What is the steps to download things onto a local desktop, scan em, copy to servers and install in command line because you all broke what was fast and reliable. I have no internet allowed on servers policies so Adobe cannot be calling home to Adobe...
And you ran that with java -jar (from an admin cmd prompt on windows, or using sudo on Linux)? Fwiw, I've not had to ever run steps 2 and 3, about getting the zip, extracting it, updating the xml, blah blah.
I've seen your other posts. I appreciate how frustrated you are. Some things about the updates are indeed disappointing, but there's a solution for all of them. I'm working on come posts for those other issues you raised.
On my Development box, after using the java -jar command line, something that I have done successfully in CF11, CF2016, and CF2018 on all updates, failed. It left barebones system in place. Admin API, SAML, one or two other Pacakages. I hade to uninstall the entire thing and go through the admin URL to update everything.
My production number 2 box, I tried the admin URL since the java -jar failed, but it hung up on 503 service not availables and failed signature verifications because I upgraded the Java to latest Java 11 (11.0.17) I believe or something is missing Adobe's CA signature.
For example, can I export the packages lists from the admin, and using that in XML request on my desktop to download all the update 5 versions into a single package or packages/zip, then deploy that manually to the server and run update scripts with the java -jar?
Basically, I think the major issue is that Adobe needs internet access on the servers and that is not allowed or spotty on our production instances. We have rules in place that disable the internet on those boxes. When I ask our groups about it I am told I have no need to know because its security information. Therefore, I have been using the java -jar method since CF11 because of that rule. Why doesnt the hotfix inclued all the packages with it or is there a option to force it?
As for replicating this, unless you have a blank 2016 windows server with no CF ever installed on it and disable internet as prereqs, then that would be the start.
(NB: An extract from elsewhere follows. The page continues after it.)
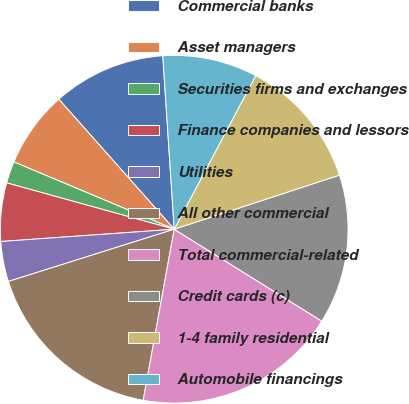Convert chart to OTSL. <chart><loc_0><loc_0><loc_500><loc_500><pie_chart><fcel>Commercial banks<fcel>Asset managers<fcel>Securities firms and exchanges<fcel>Finance companies and lessors<fcel>Utilities<fcel>All other commercial<fcel>Total commercial-related<fcel>Credit cards (c)<fcel>1-4 family residential<fcel>Automobile financings<nl><fcel>10.51%<fcel>7.12%<fcel>2.03%<fcel>5.42%<fcel>3.73%<fcel>17.29%<fcel>18.99%<fcel>13.9%<fcel>12.2%<fcel>8.81%<nl></chart>

Install CF2021 and make sure its OLDER packages are there. Once there, download the update 5 using desktop, copy it to the server and install it using the java -jar and then try to log back into the admin api which was update 4 or older.... That is only a guess set of steps. Also, I wouldnt use a server that already had Update 5 successfully done to it because its possible the update 5 packages are still set locally on the box. I would say you need a complete update 4 install without any connection to internet...
For now, the steps you seek are indeed those documented in the cf2021 update technotes and its section on offline updating. (It's indeed NOT enough to JUST do the Java jar--if your machine is offline.)
You need to a) download the repo zip they offer there, then b) extract that (I did it such that I copied the one "bundles" folder in that zip over top of the one in coldfusion2021/bundles). That's where cf looks for those. And you'll see in there BOTH the hotfix jar (so you really don't need to download it separately) and all the various package-related jars for this and previous cf2021 updates.